Cut costs and reduce food waste at home? There's a simple recipe, experts say

Food waste in Canada has been targeted as an environmental, social and economic concern. Columnist Andrew Coppolino asked experts how people can make inroads at home.

Simple changes can help reduce grocery costs and cut down on waste, grocery dieticians say

A report released Tuesday says more than half of all food produced in Canada is lost or wasted.

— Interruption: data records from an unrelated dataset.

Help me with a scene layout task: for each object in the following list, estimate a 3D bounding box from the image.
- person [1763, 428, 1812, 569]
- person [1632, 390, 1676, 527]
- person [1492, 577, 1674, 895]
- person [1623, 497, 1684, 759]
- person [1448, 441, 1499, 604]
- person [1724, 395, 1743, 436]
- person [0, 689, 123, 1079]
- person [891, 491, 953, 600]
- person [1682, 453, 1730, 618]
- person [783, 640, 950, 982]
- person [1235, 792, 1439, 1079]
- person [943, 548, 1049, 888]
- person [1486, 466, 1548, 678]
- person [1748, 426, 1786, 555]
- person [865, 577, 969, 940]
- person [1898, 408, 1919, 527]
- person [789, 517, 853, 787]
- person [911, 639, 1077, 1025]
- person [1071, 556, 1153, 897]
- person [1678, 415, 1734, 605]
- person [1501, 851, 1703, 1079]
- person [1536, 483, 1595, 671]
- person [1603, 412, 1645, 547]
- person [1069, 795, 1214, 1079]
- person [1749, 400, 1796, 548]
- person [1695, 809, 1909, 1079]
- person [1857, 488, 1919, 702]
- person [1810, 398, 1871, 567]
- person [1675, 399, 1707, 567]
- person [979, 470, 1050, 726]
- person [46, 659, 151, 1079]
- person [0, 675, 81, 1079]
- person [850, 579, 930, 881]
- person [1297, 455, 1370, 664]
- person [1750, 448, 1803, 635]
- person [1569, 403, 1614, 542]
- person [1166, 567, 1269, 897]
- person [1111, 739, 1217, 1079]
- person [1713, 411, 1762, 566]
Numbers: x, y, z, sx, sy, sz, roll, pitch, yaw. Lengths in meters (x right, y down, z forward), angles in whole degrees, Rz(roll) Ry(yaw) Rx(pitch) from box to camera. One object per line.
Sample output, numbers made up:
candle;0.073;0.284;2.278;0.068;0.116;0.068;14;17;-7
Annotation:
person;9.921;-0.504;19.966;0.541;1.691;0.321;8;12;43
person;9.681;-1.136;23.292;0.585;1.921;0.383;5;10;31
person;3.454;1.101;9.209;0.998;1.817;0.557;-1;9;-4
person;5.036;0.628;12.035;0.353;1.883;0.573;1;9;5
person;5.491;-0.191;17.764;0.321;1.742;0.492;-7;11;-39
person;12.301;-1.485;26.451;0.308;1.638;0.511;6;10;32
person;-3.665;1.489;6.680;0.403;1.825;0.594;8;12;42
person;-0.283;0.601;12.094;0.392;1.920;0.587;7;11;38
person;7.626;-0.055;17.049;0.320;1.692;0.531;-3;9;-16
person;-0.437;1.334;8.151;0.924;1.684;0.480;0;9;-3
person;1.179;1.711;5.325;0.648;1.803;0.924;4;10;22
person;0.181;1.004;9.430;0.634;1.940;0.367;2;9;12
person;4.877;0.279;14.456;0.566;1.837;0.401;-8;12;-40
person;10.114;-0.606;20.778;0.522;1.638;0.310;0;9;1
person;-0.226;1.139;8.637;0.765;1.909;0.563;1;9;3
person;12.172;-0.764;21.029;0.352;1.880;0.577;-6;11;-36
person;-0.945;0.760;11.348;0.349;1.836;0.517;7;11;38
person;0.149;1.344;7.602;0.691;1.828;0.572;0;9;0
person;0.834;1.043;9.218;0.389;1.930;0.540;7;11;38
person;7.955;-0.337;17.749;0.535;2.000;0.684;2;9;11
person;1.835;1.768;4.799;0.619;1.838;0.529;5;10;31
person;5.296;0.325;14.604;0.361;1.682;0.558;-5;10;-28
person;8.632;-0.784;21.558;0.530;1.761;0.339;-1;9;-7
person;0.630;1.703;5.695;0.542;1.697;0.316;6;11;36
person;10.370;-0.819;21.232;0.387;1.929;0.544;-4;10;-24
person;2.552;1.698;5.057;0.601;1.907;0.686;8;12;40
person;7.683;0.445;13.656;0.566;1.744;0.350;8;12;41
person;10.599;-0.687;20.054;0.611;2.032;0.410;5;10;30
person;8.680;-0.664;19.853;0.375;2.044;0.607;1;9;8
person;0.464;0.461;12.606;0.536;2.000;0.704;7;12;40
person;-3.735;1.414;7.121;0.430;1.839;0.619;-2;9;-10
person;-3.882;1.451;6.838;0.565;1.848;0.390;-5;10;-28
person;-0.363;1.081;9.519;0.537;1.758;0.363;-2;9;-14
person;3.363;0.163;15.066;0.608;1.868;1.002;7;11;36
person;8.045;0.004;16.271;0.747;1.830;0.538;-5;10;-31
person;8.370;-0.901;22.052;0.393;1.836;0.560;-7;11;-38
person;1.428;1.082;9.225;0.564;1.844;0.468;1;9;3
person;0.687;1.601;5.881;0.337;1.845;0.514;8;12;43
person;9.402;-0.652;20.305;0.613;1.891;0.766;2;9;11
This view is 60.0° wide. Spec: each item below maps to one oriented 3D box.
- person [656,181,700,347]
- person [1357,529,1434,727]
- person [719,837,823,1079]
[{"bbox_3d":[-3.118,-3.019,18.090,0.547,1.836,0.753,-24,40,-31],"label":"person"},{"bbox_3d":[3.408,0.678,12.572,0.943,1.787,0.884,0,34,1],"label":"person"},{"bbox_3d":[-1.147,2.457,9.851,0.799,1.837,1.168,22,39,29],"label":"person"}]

How to cut the waste, save money and still eat well can be combined, say experts. (Nathan Denette/Canadian Press)

Research done by Statscan and the Region of Waterloo, Ont. shows that a typical family four in Southwestern Ontario spends between $8,000 and $10,000 on groceries per year. With rising cost, that's estimated to increase the spending by $400 more on groceries in 2019, according to food researchers at the University of Guelph. 

So, how can you shop for groceries and save a bit of money?  
 
There are a number of strategies based on planning and preparation – and it starts with not shopping when you are hungry. 

Experts including Diana Sutherland, an in-store registered dietitian at Zehrs supermarket in Waterloo, Ont. says shopping while hungry is a common habit that costs people money.  

Make a list, stick to it

Sutherland recommends creating a plan for what you need for the week of meals focussing on items that are on special – and then sticking to the shopping list and avoiding impulse buying.  
 
"Browse through a variety of store flyers to determine where the best prices are. There are also phones apps too," Sutherland says, adding that food purchased with a meal in mind are less likely to go to waste.

There are some grocery stores that are more expensive than others. The major first-tier grocery chains each have allied stores that are often less expensive.  
 
"Compare prices of various foods and brands," says another registered dietitian for the same grocery chain, Katherine Sutherland (no relation to Diana). "Store brands usually cost less and offer the same nutrition as high-end brands." 

Look for discounts

Buying imperfect produce tastes just as good, provides the same nutrition and can save you a few dollars. Bananas don't need to perfect if you're making a banana loaf; neither do carrots or peppers need to be perfect and symmetrical if you're chopping them up to to make a soup. Reduced-price breads can be used for croutons, bread crumbs or, as a treat, bread pudding. Add it up across a full grocery cart, and that can mean $30 or $40 saved. 
 
"Look for quick sale items because their expiry dates are approaching," Diana Sutherland says. "Discounts can be up to 50 per cent, so you can save a lot. You can easily trim away bruises on fruits and vegetables."      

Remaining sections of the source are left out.